-- Records for this exercise follows --

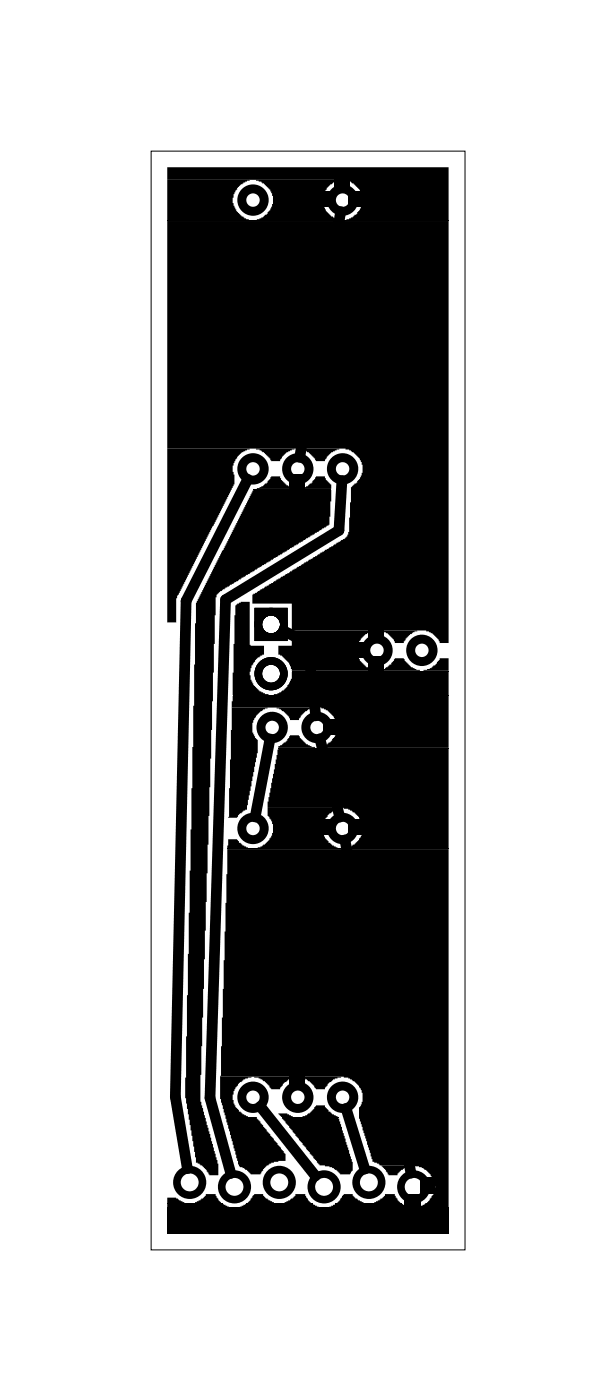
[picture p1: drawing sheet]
<svg xmlns="http://www.w3.org/2000/svg" width="35mm" height="79mm" viewBox="0 0 35 79" stroke-linecap="round" stroke-linejoin="round" font-family="sans-serif">
<path d="M8.6 8.6h17.8v62.3h-17.8zM9.5 12.5h15.9M13.2 39.4h12.2M14.4 27.7h4.4M16.5 38.1h8.9M12.9 48.1h12.5M15.8 42.4h9.6M9.5 68.2h3.1M9.5 68.5h15.9M14 68.2h3.7M16 63.4h3.2M19 68.2h3.8" fill="none" stroke="#000" stroke-width=".06"/>
<g fill="#000">
<path d="M9.5 9.5h15.9v3h-5.8l.4-.2 .4-.4 .2-.3v-.5l-.2-.3-.4-.4-.4-.2h-10.1zM9.5 10.2h4.7l-.4 .1-.4 .4-.2 .5v.3l.2 .5 .3 .3 .4 .2h-4.6zM9.5 12.5h15.9v24h-.5v-.2l-.4-.4-.3-.2h-7.7v-1.5h-2.2l.1-.5 .2-.1 .2-.2 .7-.3 .2-.2 .7-.4 .2-.2 .5-.2 .2-.2 .7-.4 .2-.2 .4-.2 1.1-.7 .1-.2 .1-2.6 .5-.4 .2-.4v-.5l-.2-.3-.4-.4-.4-.2h-10.1zM14.5 10.2h4.7l-.6 .3-.3 .7v.3l.2 .5 .3 .3 .4 .2h-4.6l.3-.2 .4-.4 .2-.3v-.5l-.2-.3-.3-.4zM18.2 10.9h.8v.8h-.8zM18.9 10.1h.9v.8h-.9zM19.7 10.9h.9v.8h-.9zM9.5 25.4h4.7l-.5 .2-.5 .6v.6l.1 .1v.6l-3.2 6.2-.1 .1v1.5h-.5zM13.2 39.5h12.2v2.9h-7.3l.7-.4 .3-.6-.1-.6-.4-.5-.4-.2h-5.1zM13.4 34.3l.2-.2h.6v2.5h.8v.5l-.4 .2-.3 .4-.1 .4v.4l.2 .3 .3 .4 .5 .2h-2l.1-4.5zM14.4 27.8h4.4l-.1 1.5-.1 .5-3.1 1.8-.7 .5-.2 .1-.7 .5h-.2l-.5 .4-.4 .2-.4 .3-.2 .3-.8 27v1.6l1 3.5v.6h-.5l-.4-.5-.4-.2-.6-3.6 .6-28.1zM14.5 25.4l2.2 .1-.5 .1-.2 .3-.1 .2h-.5l-.4-.5z"/>
<path d="M14.6 27.7h.1l.4-.3 .3-.4h.5v.2l.3 .3 .4 .2zM16.4 26.9h.9v.8h-.9zM16.5 35.7h4.6l-.4 .2-.3 .5-.1 .2v.6l.1 .3 .4 .3 .5 .2h-4.8l-.1-.4-.4-.4-.2-.1v-.5h.7zM16.5 38.1h8.9v1.3h-9.9l.4-.1 .4-.4 .2-.4zM17.1 25.4l2.1 .1-.4 .1-.3 .3-.1 .2h-.5l-.4-.5zM17.1 27.7h.2l.4-.3 .2-.4h.5l.1 .2 .3 .3v.2zM20.2 36.4h.7v.9h-.7zM20.9 35.6h.9v.9h-.9zM20.9 37.2h.9v.8h-.9zM21.6 35.7l2.1 .1-.5 .1-.2 .3-.1 .3h-.5l-.1-.2-.3-.4zM21.5 38l.5-.2 .1-.1h.1l.2-.4h.5l.4 .5 .5 .2zM24 38l.5-.1 .3-.3 .1-.3h.5v.7z"/>
<path d="M12.9 48.1h12.5v20.4h-1.6l.6-.4 .2-.3 .1-.5-.2-.6-.5-.5-.5-.1h-2v-.1l-.4-.1-.7-2.5v-.6l.2-.3v-.5l-.2-.4-.5-.4-.4-.2h-7zM12.9 47.6h.5l.1 .2 .6 .3h-1.2zM13.1 40.1h2.1l-.4 .2-.3 .3-.2 .4v.5l.2 .3 .1 .1v.8l-.6 3.2-.4 .2-.2 .3h-.5zM15.2 45.8h4.1l-.6 .3-.3 .3-.1 .4v.3l.1 .4 .2 .2v.1l.5 .3h-4.5l.6-.4 .3-.5v-.5l-.3-.4zM15.7 40.1l2 .1-.4 .1-.2 .3-.1 .2h-.6v-.2l-.3-.3zM15.8 42.5h9.6v5.6h-5.7l.6-.4 .3-.5-.1-.6-.6-.6-.4-.2h-4.3v-.4zM15.8 42.3l.4-.2 .2-.4h.6l.4 .5 .5 .2h-2.1zM18.2 46.5h.8v.9h-.8zM18.3 40.8h.8v.9h-.8zM19.7 46.5h.9v.9h-.9zM9.5 67.9h.5l.4 .3h-.9zM9.5 68.3h3.2l.3 .2h-3.5z"/>
<path d="M9.5 68.5h15.9v1.4h-15.9zM11.1 68.2l.4-.2 .2-.3h.5l.1 .2 .2 .3zM12.5 61h1.8l-.5 .2-.5 .5-.1 .4v.5l.5 .6 .4 .1h.5l.3 .6 1.3 1.5v.4h-.4l-.5 .2-.4 .3-.1 .3h-.6l-.2-.3-.5-.2-1-3.8zM13.6 68.4l.3-.1h3.9l.3 .2zM14.4 61l2.4 .1-.5 .1-.3 .3-.1 .3h-.5l-.4-.5zM14.4 67.7h.5l.2 .3 .4 .2h-1.4zM15.8 63.1h.5l.3 .2h-.7zM16 63.4h3.2l.8 2.5v.5l-.1 .1-.6 .1-.5-.4-.7-.1zM16.4 60.9h.9v.9h-.9zM16.1 68.2l.5-.2 .1-.3h.6l.1 .2 .2 .3zM17 61l2.3 .1-.4 .1-.3 .3-.2 .3h-.5l-.3-.5zM17.2 63.3l.4-.2 .3-.4h.5l.2 .3 .5 .3z"/>
<path d="M18.7 68.4l.3-.1h3.8l.3 .2zM19.5 67.7h.5l.2 .3 .4 .2h-1.5zM21.6 66.1h1.8l-.5 .1-.4 .3v.1h-.5zM21.2 68.2l.5-.2 .1-.3h.6v.2l.3 .3zM22.9 67.7h1v.8h-1zM23.9 66.8h.8v.9h-.8z"/>
<path d="M14.4 34.5v1.8h1.9v-1.8zM14.9 35.4a.51 .51 0 0 1 1 0 .51 .51 0 0 1-1 0z"/>
<path d="M14.4 34.5v1.8h1.9v-1.8zM14.9 35.4a.51 .51 0 0 1 1 0 .51 .51 0 0 1-1 0z"/>
<path d="M14.4 34.5v1.8h1.9v-1.8zM14.9 35.4a.51 .51 0 0 1 1 0 .51 .51 0 0 1-1 0z"/>
</g>
<g fill="#000">
<circle cx="21.9" cy="10.9" r=".95"/>
<circle cx="15" cy="29.9" r=".95"/>
</g>
<g fill="none" stroke="#000" stroke-width=".51">
<circle cx="14.3" cy="11.3" r=".64"/>
<circle cx="19.4" cy="11.3" r=".64"/>
<circle cx="14.3" cy="26.6" r=".64"/>
<circle cx="16.9" cy="26.6" r=".64"/>
<circle cx="19.4" cy="26.6" r=".64"/>
<circle cx="21.4" cy="36.9" r=".64"/>
<circle cx="23.9" cy="36.9" r=".64"/>
<circle cx="14.3" cy="47" r=".64"/>
<circle cx="15.4" cy="41.2" r=".64"/>
<circle cx="18" cy="41.2" r=".64"/>
<circle cx="19.4" cy="47" r=".64"/>
<circle cx="14.3" cy="62.2" r=".64"/>
<circle cx="16.9" cy="62.2" r=".64"/>
<circle cx="19.4" cy="62.2" r=".64"/>
</g>
<g fill="none" stroke="#000" stroke-width=".43">
<circle cx="15.4" cy="35.4" r=".72"/>
<circle cx="15.4" cy="38.2" r=".72"/>
<circle cx="10.8" cy="67" r=".72"/>
<circle cx="13.3" cy="67.3" r=".72"/>
<circle cx="15.8" cy="67" r=".72"/>
<circle cx="18.4" cy="67.3" r=".72"/>
<circle cx="20.9" cy="67" r=".72"/>
<circle cx="23.5" cy="67.3" r=".72"/>
</g>
<path d="M19.3 12l-2.3 13.9M14 27.2l-3.4 6.9-.7 28.1 .7 4.1M16.1 35.8l1.3 .7 .5 4.1M19.4 27.2l-.2 2.9-6.4 3.9-.9 28.3 1.2 4.2M15.3 41.9l-.8 4.4M18.1 41.9l1.2 4.4M19.6 47.6l3.7 18.9M14.8 62.7l3.1 4M19.6 62.8l1.1 3.5" fill="none" stroke="#000" stroke-width=".61"/>
</svg>

-- Records for this exercise concluded --

■ To do ■
From the line containing "12l-2.3 13.9M14 27.2l-3.4" through the closing line of the material above, return every line exactly and omit all others.

■ Answer below ■
<path d="M19.3 12l-2.3 13.9M14 27.2l-3.4 6.9-.7 28.1 .7 4.1M16.1 35.8l1.3 .7 .5 4.1M19.4 27.2l-.2 2.9-6.4 3.9-.9 28.3 1.2 4.2M15.3 41.9l-.8 4.4M18.1 41.9l1.2 4.4M19.6 47.6l3.7 18.9M14.8 62.7l3.1 4M19.6 62.8l1.1 3.5" fill="none" stroke="#000" stroke-width=".61"/>
</svg>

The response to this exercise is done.